**What needs to be done**
Copy out every line of the data exactly; do not include the images.

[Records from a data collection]
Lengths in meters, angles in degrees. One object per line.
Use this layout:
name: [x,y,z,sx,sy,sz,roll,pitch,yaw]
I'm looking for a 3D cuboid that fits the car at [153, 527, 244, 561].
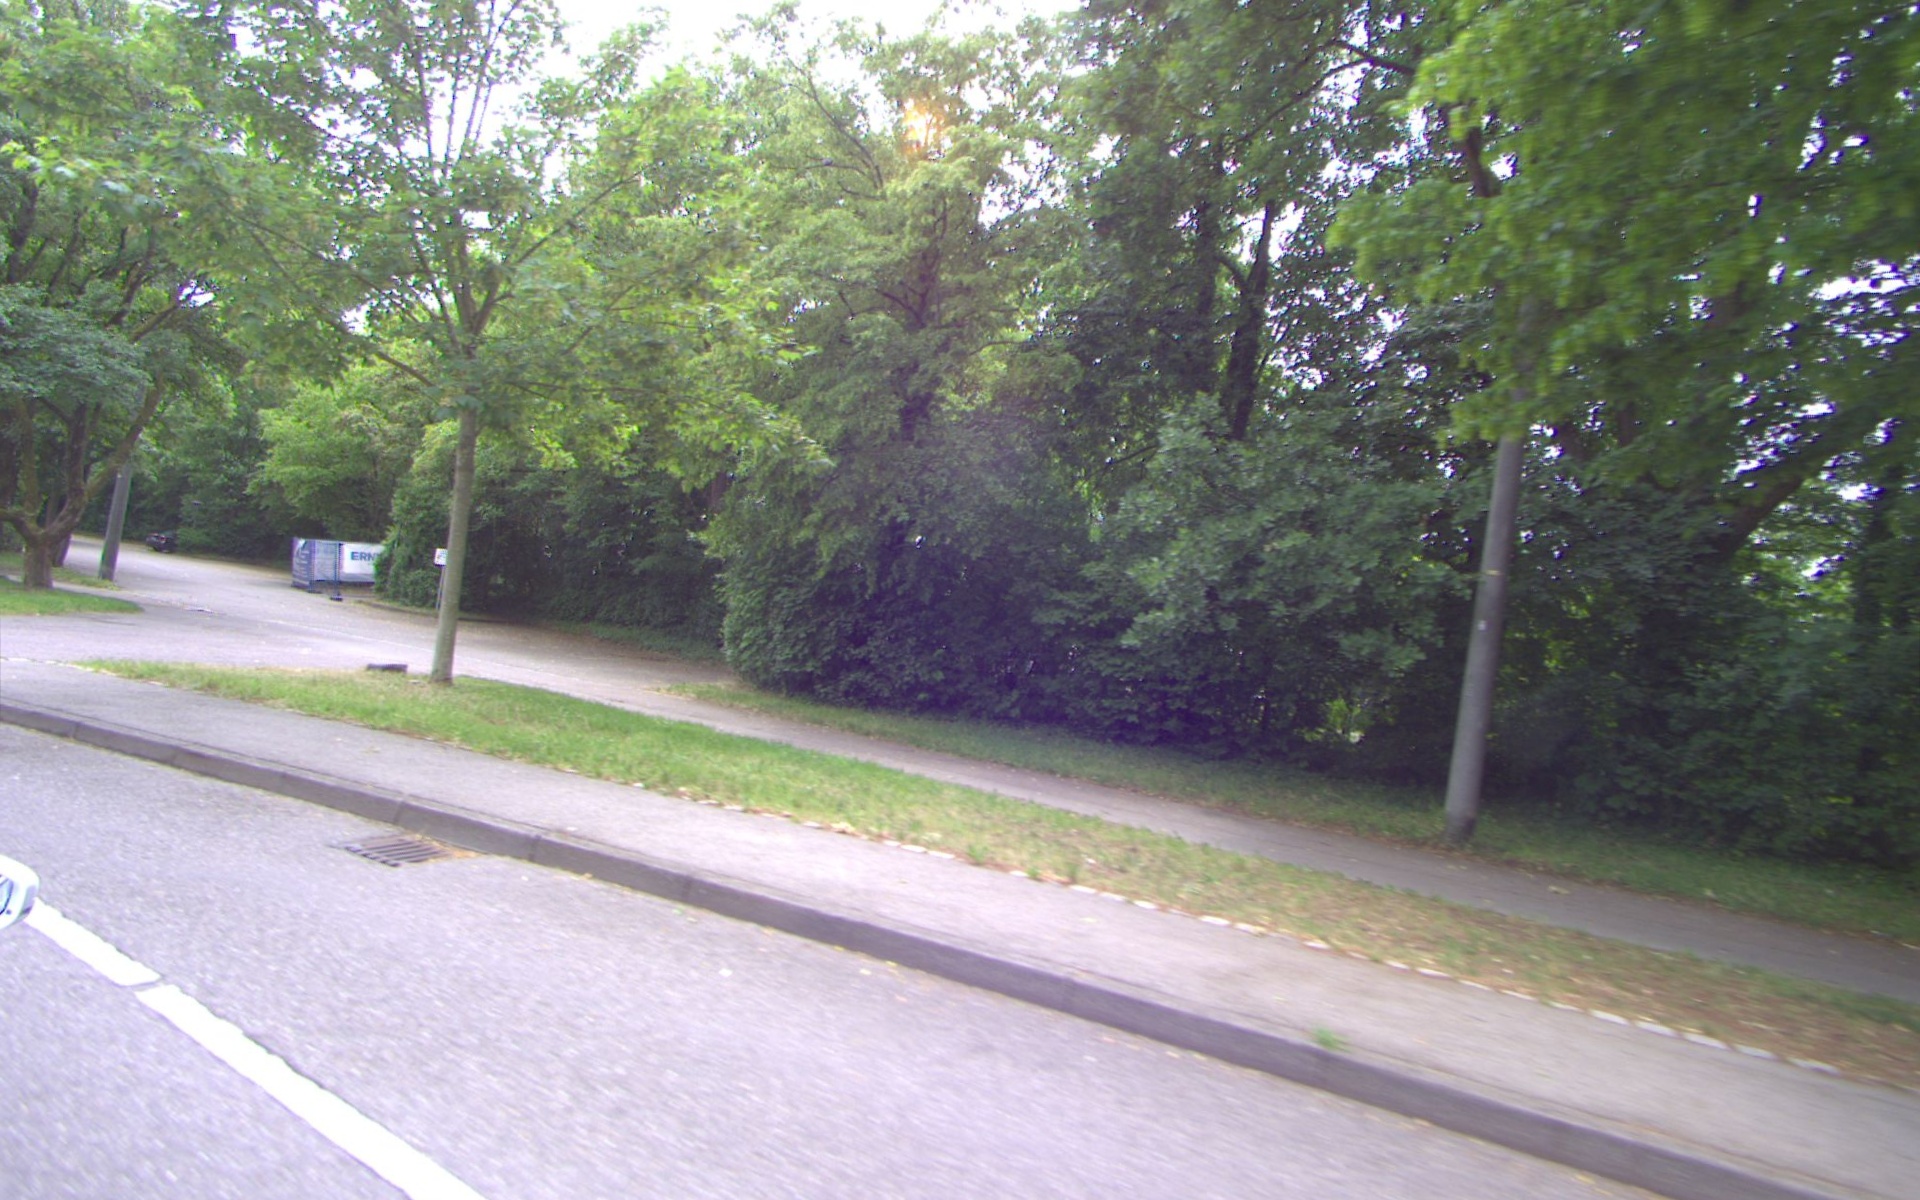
car: [-47.168,-3.454,62.387,1.769,1.425,3.998,6,-3,29]

**Answer section**
Lengths in meters, angles in degrees. One object per line.
Use this layout:
name: [x,y,z,sx,sy,sz,roll,pitch,yaw]
I'm looking for a 3D cuboid that fits the car at [153, 527, 244, 561].
car: [-47.168,-3.454,62.387,1.769,1.425,3.998,6,-3,29]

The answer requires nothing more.